A deep line-feature matcher with a novel Expectation–Maximization (EM) assignment head, built on a frozen DeepLSD detector front-end and designed to feed a Structure-from-Motion (SfM) pipeline.
Most learned matchers (SuperGlue, LightGlue, GlueStick) end in an optimal-transport / dual-softmax assignment layer driven by appearance alone, deferring geometry to a downstream RANSAC. deep-lfm replaces that head with a differentiable EM module that alternates between estimating soft match responsibilities (E-step) and a two-view geometric model from points sampled along the lines (M-step). The converged responsibilities give calibrated, geometrically-consistent confidence — exactly what SfM needs — and the estimated geometry is a free two-view initializer.
Research repository, trained from scratch. See
docs/DESIGN.md(design),docs/ROADMAP.md(phased status),docs/RESULTS.md(validated results), anddocs/SETUP.md(real-data onboarding).
Phases 0–5 implemented and tested (38 tests). The full pipeline — detector → encoder →
attention backbone → EM head → eval — runs end-to-end with a mock detector and synthetic
data. Real-data training needs MegaDepth/ScanNet + DeepLSD weights wired in — follow
docs/SETUP.md.
Headline (training-free ablation, isolating the head): under match-ambiguous appearance,
OT F1 0.41 → EM 1.00, and the EM head returns a relative pose for free. See docs/RESULTS.md.
pip install -e ".[dev,train,viz]"
python -m pytest -q # 38 tests
python scripts/train.py --config dev # synthetic + mock detector
python scripts/eval.py --mode ablation # OT-vs-EM table- DeepLSD as a frozen line detector (optionally fine-tuned later). It provides geometry only; descriptors are learned here.
- Lines represented by K points sampled along the segment, pooled from a learned dense feature map — robust to fragmentation and the substrate for epipolar geometric scoring.
- Attention backbone (GlueStick-style self/cross attention) → context-aware line descriptors.
- EM assignment head: E-step responsibilities mix appearance + epipolar likelihood + an outlier/no-match state (with inner Sinkhorn for the one-to-one constraint); M-step re-estimates geometry by responsibility-weighted, differentiable solving. Unrolled and end-to-end trainable.
- SfM-aware outputs: confidence, multi-view tracks, two-view geometry, COLMAP-compatible export.

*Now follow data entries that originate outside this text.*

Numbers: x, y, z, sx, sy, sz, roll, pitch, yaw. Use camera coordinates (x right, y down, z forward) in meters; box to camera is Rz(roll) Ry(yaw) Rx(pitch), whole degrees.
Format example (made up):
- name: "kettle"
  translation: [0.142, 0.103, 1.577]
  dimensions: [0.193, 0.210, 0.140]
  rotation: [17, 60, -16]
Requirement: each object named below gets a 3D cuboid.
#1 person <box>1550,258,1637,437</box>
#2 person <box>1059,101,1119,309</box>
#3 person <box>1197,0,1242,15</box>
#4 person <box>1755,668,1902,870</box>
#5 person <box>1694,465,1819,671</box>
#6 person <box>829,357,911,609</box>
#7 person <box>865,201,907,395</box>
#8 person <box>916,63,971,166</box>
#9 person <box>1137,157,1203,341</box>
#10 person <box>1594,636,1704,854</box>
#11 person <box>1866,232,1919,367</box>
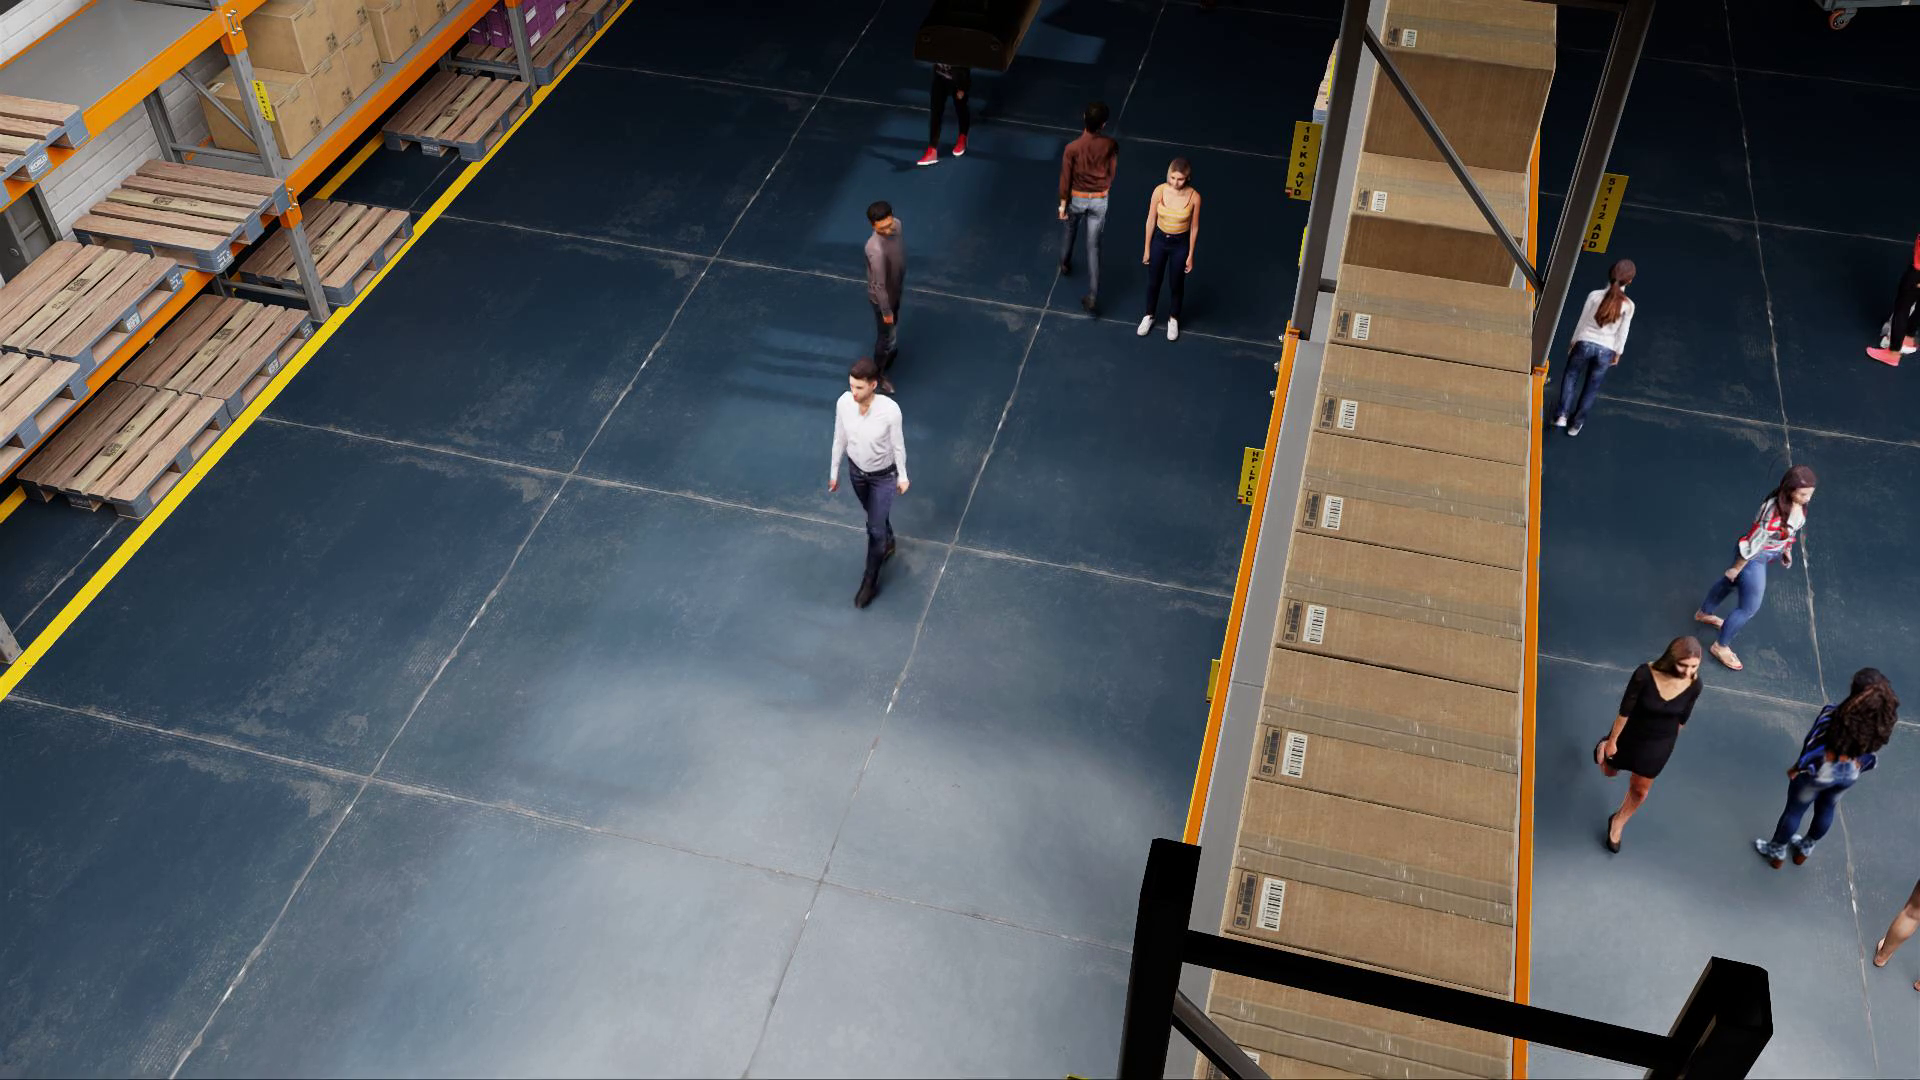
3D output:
- name: "person"
  translation: [4.718, -1.387, 12.418]
  dimensions: [0.608, 1.547, 0.694]
  rotation: [19, 47, 19]
- name: "person"
  translation: [1.086, -2.715, 13.679]
  dimensions: [0.869, 1.730, 1.213]
  rotation: [-4, 44, -4]
- name: "person"
  translation: [2.954, -6.475, 17.634]
  dimensions: [0.856, 1.719, 1.078]
  rotation: [22, 48, 22]
- name: "person"
  translation: [4.970, 1.316, 9.530]
  dimensions: [0.663, 1.616, 0.646]
  rotation: [-2, 44, -2]
- name: "person"
  translation: [5.172, 0.082, 10.840]
  dimensions: [0.839, 1.597, 0.782]
  rotation: [31, 51, 28]
- name: "person"
  translation: [-0.546, -0.529, 11.301]
  dimensions: [0.783, 1.845, 1.004]
  rotation: [20, 47, 20]
- name: "person"
  translation: [-0.576, -1.949, 12.870]
  dimensions: [0.878, 1.736, 0.461]
  rotation: [-16, 46, -16]
- name: "person"
  translation: [-0.029, -4.322, 15.425]
  dimensions: [0.793, 1.648, 1.024]
  rotation: [23, 48, 22]
- name: "person"
  translation: [1.694, -2.360, 13.379]
  dimensions: [0.573, 1.629, 0.516]
  rotation: [12, 45, 12]
- name: "person"
  translation: [3.975, 1.099, 9.730]
  dimensions: [0.566, 1.655, 0.915]
  rotation: [8, 44, 8]
- name: "person"
  translation: [7.672, -2.159, 13.126]
  dimensions: [0.737, 1.687, 0.613]
  rotation: [26, 49, 25]
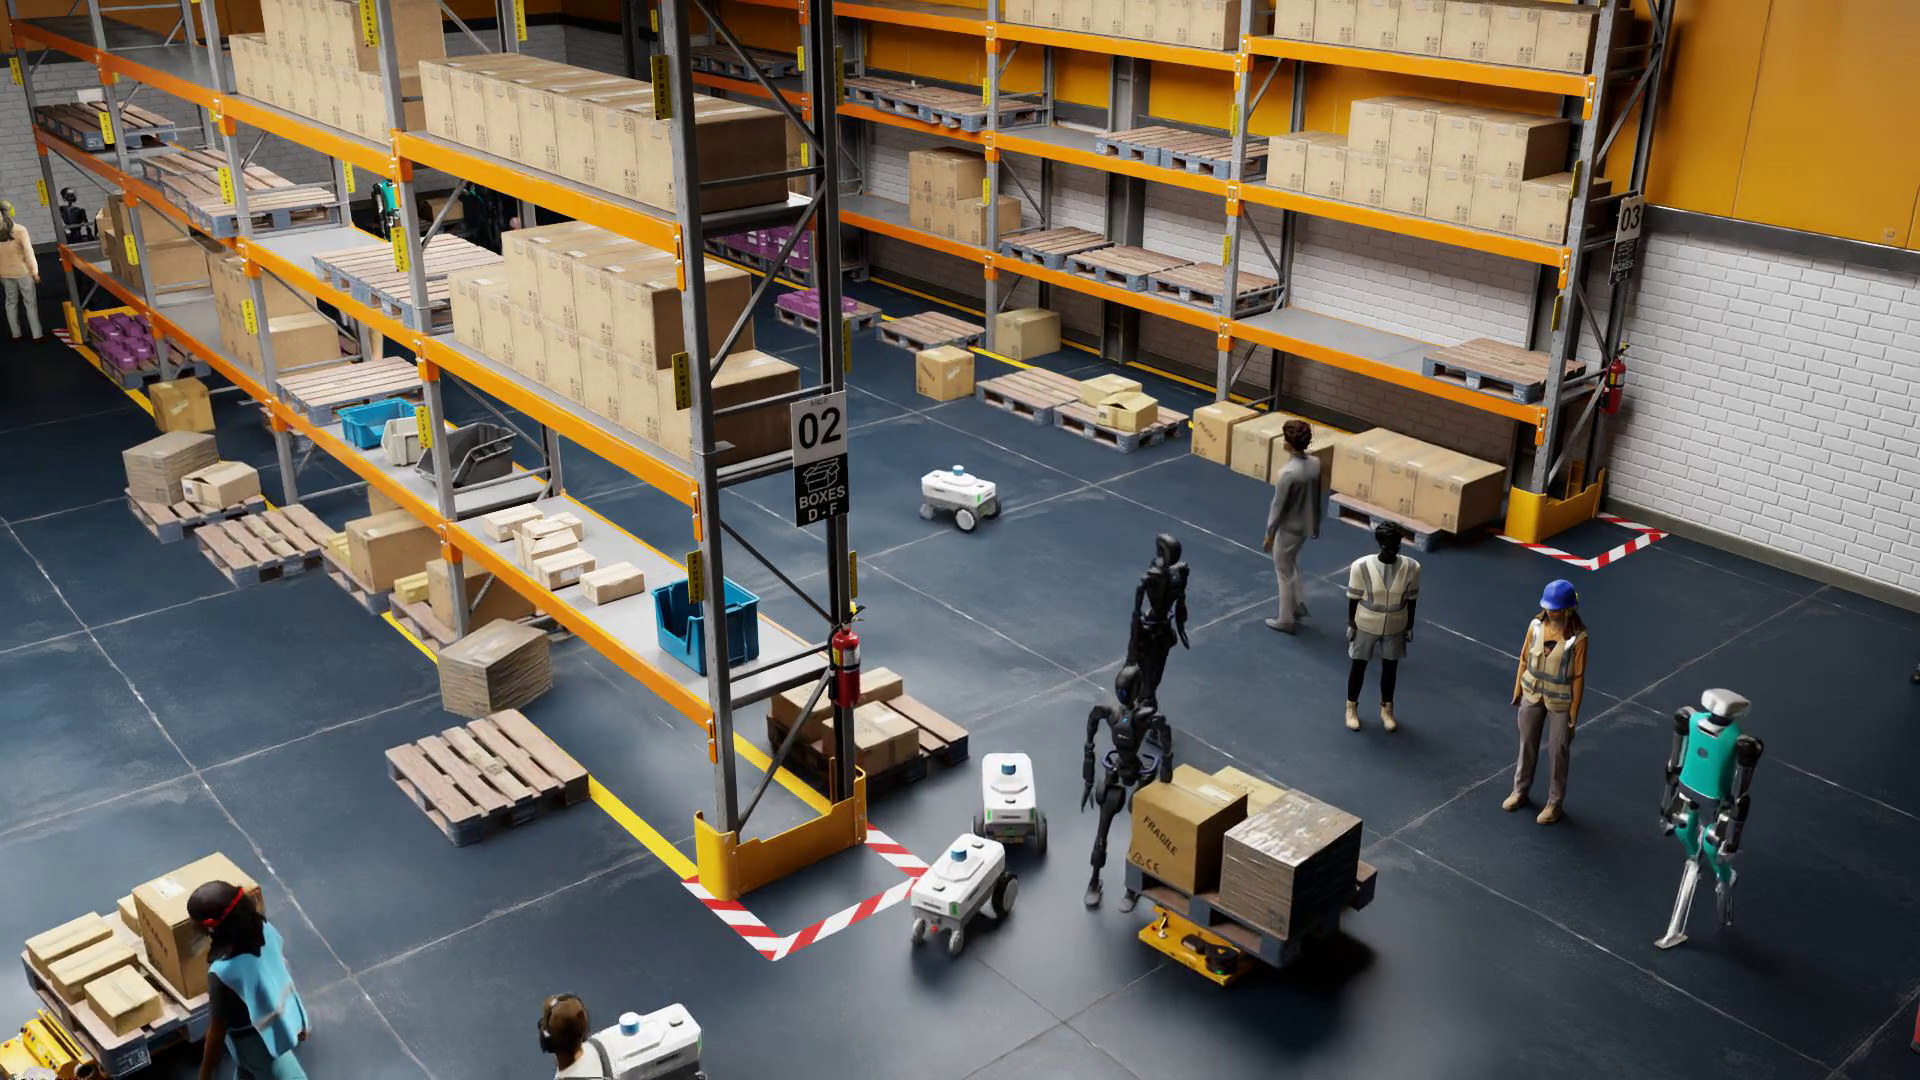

Ordered by expected payoff for closing the held-out gap to GlueStick (ETH3D AP
72.6; we are at 33.6 after homography pretraining). See docs/RESULTS.md for
the data behind each.
- Close the domain gap (biggest lever). Held-out ETH3D overfits by ~10k
because training is ScanNet-indoor only. Train/fine-tune on MegaDepth
(outdoor, matches ETH3D) — fill the stubbed
data/megadepth.pybuild_manifest(COLMAP poses + .h5 depth); ~199 GB download. - Harder homography pretext. The current pretext saturates by ~1k steps (F1 0.99) yet still gave +2–3 AP. Stronger warps + photometric augmentation and a larger/more diverse image set (COCO train, Oxford-Paris) should lift more.
- Pretrained descriptors. Bootstrap the line encoder from a pretrained dense backbone (SuperPoint/DISK) instead of learning the CNN from scratch.
- Fix overfitting directly. Augmentation, weight-decay/dropout sweep, early-stop at the held-out peak (~10k on full ScanNet).
- Matched-protocol GlueStick comparison. Run GlueStick through our ETH3D harness (or ours under glue-factory's protocol) for a true head-to-head — current AP is indicative only (different detector/GT pipeline).
- Robust M-step (RANSAC/IRLS). Pose AUC collapses under heavy mismatching
(no robust estimator today) — see Limitations in
docs/RESULTS.md. - Orchestration resilience. The overnight multi-stage loop's wakeup chain broke after the fine-tune; prefer a single driver script for long pipelines.
- (Stretch) Joint points+lines. GlueStick's core strength; large scope and partially dilutes the EM-on-lines thesis — evaluate before committing.
MIT (this repo). DeepLSD and any pretrained weights are governed by their own licenses — see docs/RELATED.md.